The eye of the apple snail has all the components of complex camera-type vertebrate eyes including a lens, cornea, and retina.

In addition, comparing the development and regenerative capabilities of apple snails to animals in other branches of the tree of life may help us understand how and why certain traits are conserved throughout evolution while new ones emerge.

Invasive and voracious

Apple snails are a highly diverse freshwater animal indigenous to tropical locations in Central and South America, Africa, and Asia, yet can now be found worldwide due to both accidental and/or intentional introduction. As an exceptionally good source of protein—over 12 grams per 100 grams of snail meat with a mere 0.4 grams of fat—they are also voracious and invasive.

In 1980, golden apple snails were deliberately introduced to Taiwanese farms to create an escargot industry. However, this had unintended and catastrophic consequences: Apple snails’ insatiable appetites wreaked havoc on Taiwan’s rice industry and natural wetlands. Golden apple snails quickly spread to Thailand, Cambodia, Indonesia, Hong Kong, Japan, and China. Hawaii suffered similar agricultural difficulties to rice and taro production after an accidental golden apple snail infestation.

Apple snails at the Stowers Institute

Sealed tightly in a single room, nearly 1,000 golden apple snails are housed at the Stowers Institute in multiple tanks separated by age or size. The bubbling backdrop of their freshwater filtration system and the tendency for the snails to crawl up the sides of the tanks before suddenly plunging back to the bottom brings to mind a lava lamp brimming with tentacles.

Apple snails suspended in their tanks. They have a tendency to crawl up and suddenly plunge to the bottom, resembling an apple snail lava lamp.

The Institute established the golden apple snail as a novel unordinary research organism to study mechanisms underpinning the development of camera-type eyes and adult eye regeneration. They are also quite spoiled—fresh romaine lettuce three times per week and occasionally some kale. Apple snails do not have traditional teeth but do have a prominent tongue studded with tiny teeth to grind up their fibrous meals. And while not predatory, apple snails will resort to cannibalism provided that their snail mate has died.

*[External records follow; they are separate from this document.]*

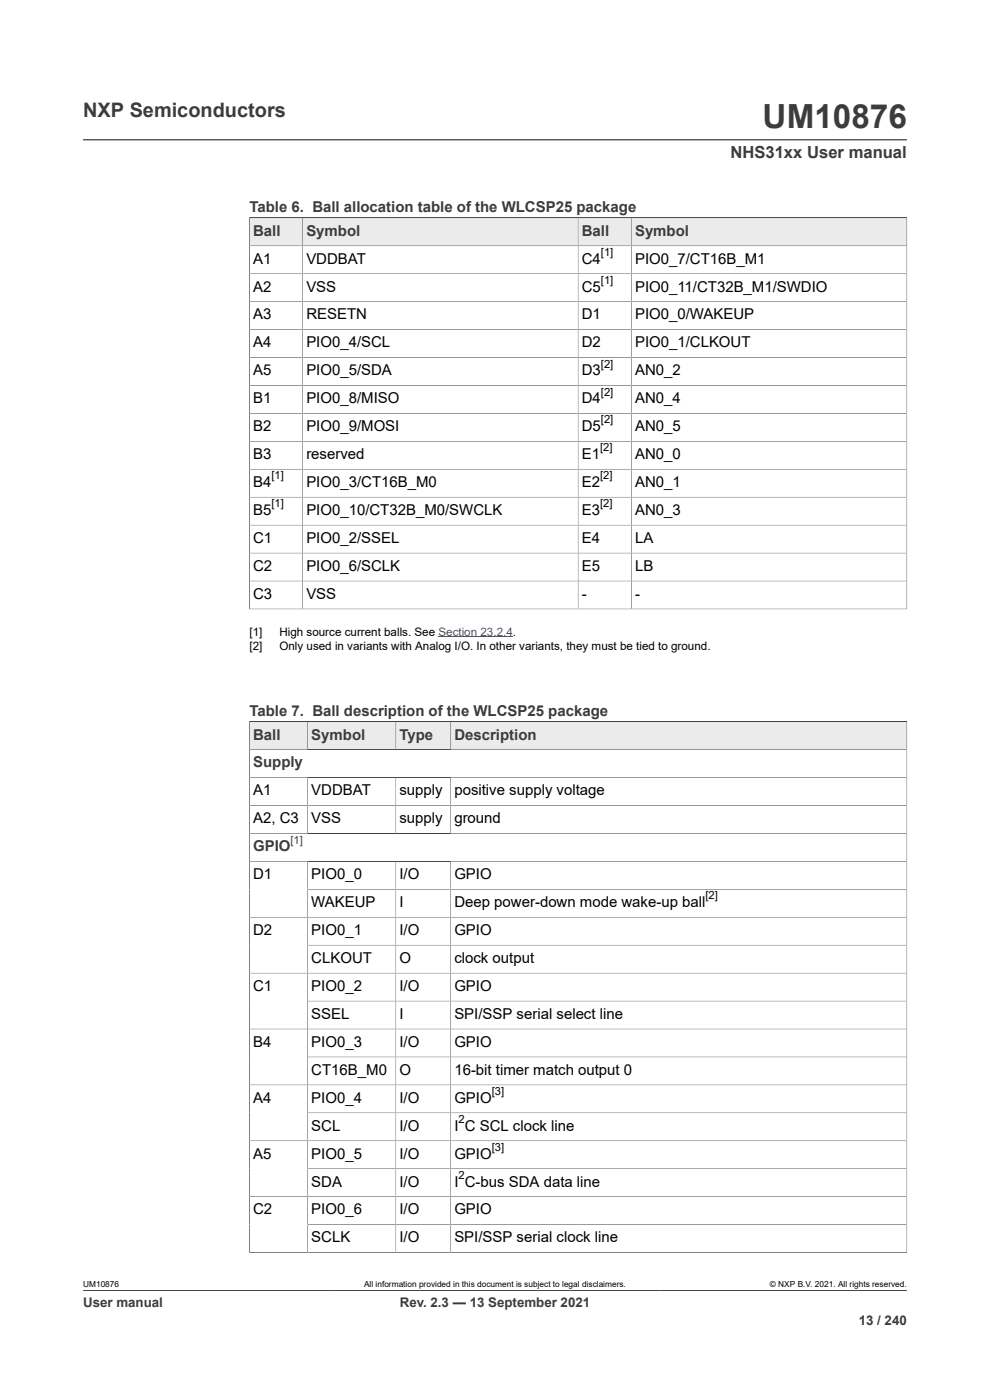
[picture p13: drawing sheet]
<svg xmlns="http://www.w3.org/2000/svg" width="210mm" height="297mm" viewBox="0 0 210 297" stroke-linecap="round" stroke-linejoin="round" font-family="sans-serif">
<defs><g id="words">
<text font-size="7.1" fill="#3c3c3c" x="161.8" y="27.2">UM10876</text>
<text font-size="4.2" fill="#3c3c3c" x="17.6" y="24.8">NXP Semiconductors</text>
<text font-size="3.5" fill="#3c3c3c" x="154.9" y="33.5">NHS31xx User manual</text>
<g font-size="3.2" fill="#3c3c3c">
<text x="52.9" y="45.1">Table 6. Ball allocation table of the WLCSP25 package</text>
<text x="53.7" y="50">Ball</text>
<text x="65" y="50">Symbol</text>
<text x="123.4" y="50">Ball</text>
<text x="134.7" y="50">Symbol</text>
<text x="52.9" y="152">Table 7. Ball description of the WLCSP25 package</text>
<text x="53.7" y="156.9">Ball</text>
<text x="66" y="156.9">Symbol</text>
<text x="84.7" y="156.9">Type</text>
<text x="96.4" y="156.9">Description</text>
<text x="53.7" y="162.8">Supply</text>
<text x="53.7" y="180.6">GPIO</text>
</g>
<g font-size="3.2">
<text x="53.7" y="55.9">A1</text>
<text x="65" y="55.9">VDDBAT</text>
<text x="123.4" y="55.9">C4</text>
<text x="134.7" y="55.9">PIO0_7/CT16B_M1</text>
<text x="53.7" y="61.9">A2</text>
<text x="65" y="61.9">VSS</text>
<text x="123.4" y="61.9">C5</text>
<text x="134.7" y="61.9">PIO0_11/CT32B_M1/SWDIO</text>
<text x="53.7" y="67.8">A3</text>
<text x="65" y="67.8">RESETN</text>
<text x="123.4" y="67.8">D1</text>
<text x="134.7" y="67.8">PIO0_0/WAKEUP</text>
<text x="53.7" y="73.7">A4</text>
<text x="65" y="73.7">PIO0_4/SCL</text>
<text x="123.4" y="73.7">D2</text>
<text x="134.7" y="73.7">PIO0_1/CLKOUT</text>
<text x="53.7" y="79.6">A5</text>
<text x="65" y="79.6">PIO0_5/SDA</text>
<text x="123.4" y="79.6">D3</text>
<text x="134.7" y="79.6">AN0_2</text>
<text x="53.7" y="85.6">B1</text>
<text x="65" y="85.6">PIO0_8/MISO</text>
<text x="123.4" y="85.6">D4</text>
<text x="134.7" y="85.6">AN0_4</text>
<text x="53.7" y="91.5">B2</text>
<text x="65" y="91.5">PIO0_9/MOSI</text>
<text x="123.4" y="91.5">D5</text>
<text x="134.7" y="91.5">AN0_5</text>
<text x="53.7" y="97.4">B3</text>
<text x="65" y="97.4">reserved</text>
<text x="123.4" y="97.4">E1</text>
<text x="134.7" y="97.4">AN0_0</text>
<text x="53.7" y="103.3">B4</text>
<text x="65" y="103.3">PIO0_3/CT16B_M0</text>
<text x="123.4" y="103.3">E2</text>
<text x="134.7" y="103.3">AN0_1</text>
<text x="53.7" y="109.3">B5</text>
<text x="65" y="109.3">PIO0_10/CT32B_M0/SWCLK</text>
<text x="123.4" y="109.3">E3</text>
<text x="134.7" y="109.3">AN0_3</text>
<text x="53.7" y="115.2">C1</text>
<text x="65" y="115.2">PIO0_2/SSEL</text>
<text x="123.4" y="115.2">E4</text>
<text x="134.7" y="115.2">LA</text>
<text x="53.7" y="121.1">C2</text>
<text x="65" y="121.1">PIO0_6/SCLK</text>
<text x="123.4" y="121.1">E5</text>
<text x="134.7" y="121.1">LB</text>
<text x="53.7" y="127">C3</text>
<text x="65" y="127">VSS</text>
<text x="123.4" y="127">-</text>
<text x="134.7" y="127">-</text>
<text x="53.7" y="168.7">A1</text>
<text x="66" y="168.7">VDDBAT</text>
<text x="84.7" y="168.7">supply</text>
<text x="96.4" y="168.7">positive supply voltage</text>
<text x="53.7" y="174.7">A2, C3</text>
<text x="66" y="174.7">VSS</text>
<text x="84.7" y="174.7">supply</text>
<text x="96.4" y="174.7">ground</text>
<text x="53.7" y="186.5">D1</text>
<text x="66" y="186.5">PIO0_0</text>
<text x="84.7" y="186.5">I/O</text>
<text x="96.4" y="186.5">GPIO</text>
<text x="66" y="192.5">WAKEUP</text>
<text x="84.7" y="192.5">I</text>
<text x="96.4" y="192.5">Deep power-down mode wake-up ball</text>
<text x="53.7" y="198.4">D2</text>
<text x="66" y="198.4">PIO0_1</text>
<text x="84.7" y="198.4">I/O</text>
<text x="96.4" y="198.4">GPIO</text>
<text x="66" y="204.3">CLKOUT</text>
<text x="84.7" y="204.3">O</text>
<text x="96.4" y="204.3">clock output</text>
<text x="53.7" y="210.2">C1</text>
<text x="66" y="210.2">PIO0_2</text>
<text x="84.7" y="210.2">I/O</text>
<text x="96.4" y="210.2">GPIO</text>
<text x="66" y="216.2">SSEL</text>
<text x="84.7" y="216.2">I</text>
<text x="96.4" y="216.2">SPI/SSP serial select line</text>
<text x="53.7" y="222.1">B4</text>
<text x="66" y="222.1">PIO0_3</text>
<text x="84.7" y="222.1">I/O</text>
<text x="96.4" y="222.1">GPIO</text>
<text x="53.7" y="233.9">A4</text>
<text x="66" y="228">CT16B_M0</text>
<text x="66" y="233.9">PIO0_4</text>
<text x="84.7" y="228">O</text>
<text x="84.7" y="233.9">I/O</text>
<text x="96.4" y="228">16-bit timer match output 0</text>
<text x="96.4" y="233.9">GPIO</text>
<text x="66" y="239.9">SCL</text>
<text x="84.7" y="239.9">I/O</text>
<text x="96.4" y="239.9">I C SCL clock line</text>
<text x="53.7" y="245.8">A5</text>
<text x="66" y="245.8">PIO0_5</text>
<text x="84.7" y="245.8">I/O</text>
<text x="96.4" y="245.8">GPIO</text>
<text x="66" y="251.7">SDA</text>
<text x="84.7" y="251.7">I/O</text>
<text x="96.4" y="251.7">I C-bus SDA data line</text>
<text x="53.7" y="257.6">C2</text>
<text x="66" y="257.6">PIO0_6</text>
<text x="84.7" y="257.6">I/O</text>
<text x="96.4" y="257.6">GPIO</text>
<text x="66" y="263.6">SCLK</text>
<text x="84.7" y="263.6">I/O</text>
<text x="96.4" y="263.6">SPI/SSP serial clock line</text>
</g>
<g font-size="2.8" fill="#3c3c3c">
<text x="17.6" y="277.3">User manual</text>
<text x="84.8" y="277.3">Rev. 2.3 — 13 September 2021</text>
<text x="182.2" y="281">13 / 240</text>
</g>
<g font-size="2.5">
<text x="52.9" y="134.8">[1]</text>
<text x="52.9" y="137.8">[2]</text>
<text x="59.3" y="134.8">High source current balls. See Section 23.2.4.</text>
<text x="59.3" y="137.8">Only used in variants with Analog I/O. In other variants, they must be tied to ground.</text>
</g>
<g font-size="2.4">
<text x="127.5" y="54.3">[1]</text>
<text x="127.5" y="60.2">[1]</text>
<text x="127.5" y="78">[2]</text>
<text x="127.5" y="83.9">[2]</text>
<text x="127.5" y="89.8">[2]</text>
<text x="127.3" y="95.8">[2]</text>
<text x="57.6" y="101.7">[1]</text>
<text x="127.3" y="101.7">[2]</text>
<text x="57.6" y="107.6">[1]</text>
<text x="127.3" y="107.6">[2]</text>
<text x="149.7" y="190.8">[2]</text>
<text x="104.3" y="232.3">[3]</text>
<text x="97.3" y="238.2">2</text>
<text x="104.3" y="244.1">[3]</text>
<text x="97.3" y="250.1">2</text>
</g>
<text font-size="2.4" fill="#3c3c3c" x="61.6" y="179">[1]</text>
<g font-size="1.8">
<text x="17.6" y="273.1">UM10876</text>
<text x="77.2" y="273.1">All information provided in this document is subject to legal disclaimers.</text>
<text x="163.3" y="273.1">© NXP B.V. 2021. All rights reserved.</text>
</g>
</g></defs>
<path d="M17.6 29.7h174.8M52.9 46.2h139.5" fill="none" stroke="#3c3c3c" stroke-width=".21"/>
<path d="M53 46.3h11.1v5.8h-11.1z" fill="#ebebeb"/>
<path d="M52.9 46.2h11.3v5.9h-11.3z" fill="none" stroke="#3c3c3c" stroke-width=".21"/>
<path d="M64.3 46.3h58.3v5.8h-58.3z" fill="#ebebeb"/>
<path d="M64.2 46.2h58.4v5.9h-58.4z" fill="none" stroke="#3c3c3c" stroke-width=".21"/>
<path d="M122.7 46.3h11.2v5.8h-11.2z" fill="#ebebeb"/>
<path d="M122.6 46.2h11.3v5.9h-11.3z" fill="none" stroke="#3c3c3c" stroke-width=".21"/>
<path d="M134 46.3h58.3v5.8h-58.3z" fill="#ebebeb"/>
<g fill="none" stroke="#3c3c3c" stroke-width=".21">
<path d="M52.9 46.2h139.5v83.1M52.9 58.1h139.5M64.2 52.1v77.1M122.6 52.1v77.1M133.9 46.2v83M192.4 52.1h-139.5v77.2M52.9 64h139.5M52.9 69.9h139.5M52.9 75.8h139.5M52.9 81.8h139.5M52.9 87.7h139.5M52.9 93.6h139.5"/>
<path d="M52.9 99.6h139.5M52.9 105.5h139.5M52.9 111.4h139.5M192.4 117.3h-139.5M52.8 129.2h139.6M52.9 123.3h139.5M52.9 153.1h139.5"/>
</g>
<path d="M93 135.1h15.8" fill="none" stroke="#00f" stroke-width=".21"/>
<path d="M53 153.2h12.2v5.8h-12.2z" fill="#ebebeb"/>
<path d="M52.9 153.1h12.4v5.9h-12.4z" fill="none" stroke="#3c3c3c" stroke-width=".21"/>
<path d="M65.3 153.2h18.6v5.8h-18.6z" fill="#ebebeb"/>
<path d="M65.3 153.1h18.7v5.9h-18.7z" fill="none" stroke="#3c3c3c" stroke-width=".21"/>
<path d="M84 153.2h11.5v5.8h-11.5z" fill="#ebebeb"/>
<path d="M84 153.1h11.6v5.9h-11.6z" fill="none" stroke="#3c3c3c" stroke-width=".21"/>
<path d="M95.7 153.2h96.6v5.8h-96.6z" fill="#ebebeb"/>
<g fill="none" stroke="#3c3c3c" stroke-width=".21">
<path d="M52.9 153.1h139.5v112.7M95.6 153.1v5.9M192.4 159h-139.5v106.8M52.9 165h139.5M52.9 170.9h139.5M52.9 176.8h139.5M65.3 165v11.8M84 165v11.8M95.6 165v11.8M52.9 182.7h139.5M52.9 194.6h139.5M65.3 182.7v83"/>
<path d="M65.3 188.7h127.1M84 182.7v83M95.6 182.7v83M52.9 206.4h139.5M65.3 200.5h127.1M65.3 212.4h127.1M192.4 218.3h-139.5M52.9 230.2h139.5M65.3 224.2h127.1M65.3 236.1h127.1M52.9 242h139.5M65.3 247.9h127.1"/>
<path d="M65.3 259.8h127.1M192.4 253.9h-139.5M17.6 273.8h174.8M192.4 265.7h-139.6"/>
</g>
<use href="#words"/>
</svg>

Ongoing research is shedding light on apple snail eye evolution. From a morphological standpoint, the apple snail eye has most of the components of vertebrate eyes as well as cells common to invertebrate eyes like those of fruit flies. However, molecular pathways involved in eye development are remarkably conserved from fruit flies to apple snails to humans. Thus, their evolution likely combines conservation of some traits with the generation of new ones.

Enabling exploration

While few labs have studied the cellular and molecular biology of the golden apple snail to date, the development of molecular and genetic tools, experimental techniques, and housing systems over the last several years at the Stowers Institute has opened new possibilities. Enabling apple snail research is an example of the Institute’s ability to establish new, untraditional research organisms, and provide a foundation for other labs to study their unique characteristics, further deepening our understanding of biology.

Ultimately, by studying unordinary organisms, we may be able to answer fundamental biological questions that have remained elusive. The now genetically tractable apple snail may yield answers to how some animals can regenerate sensory organs, and why humans cannot.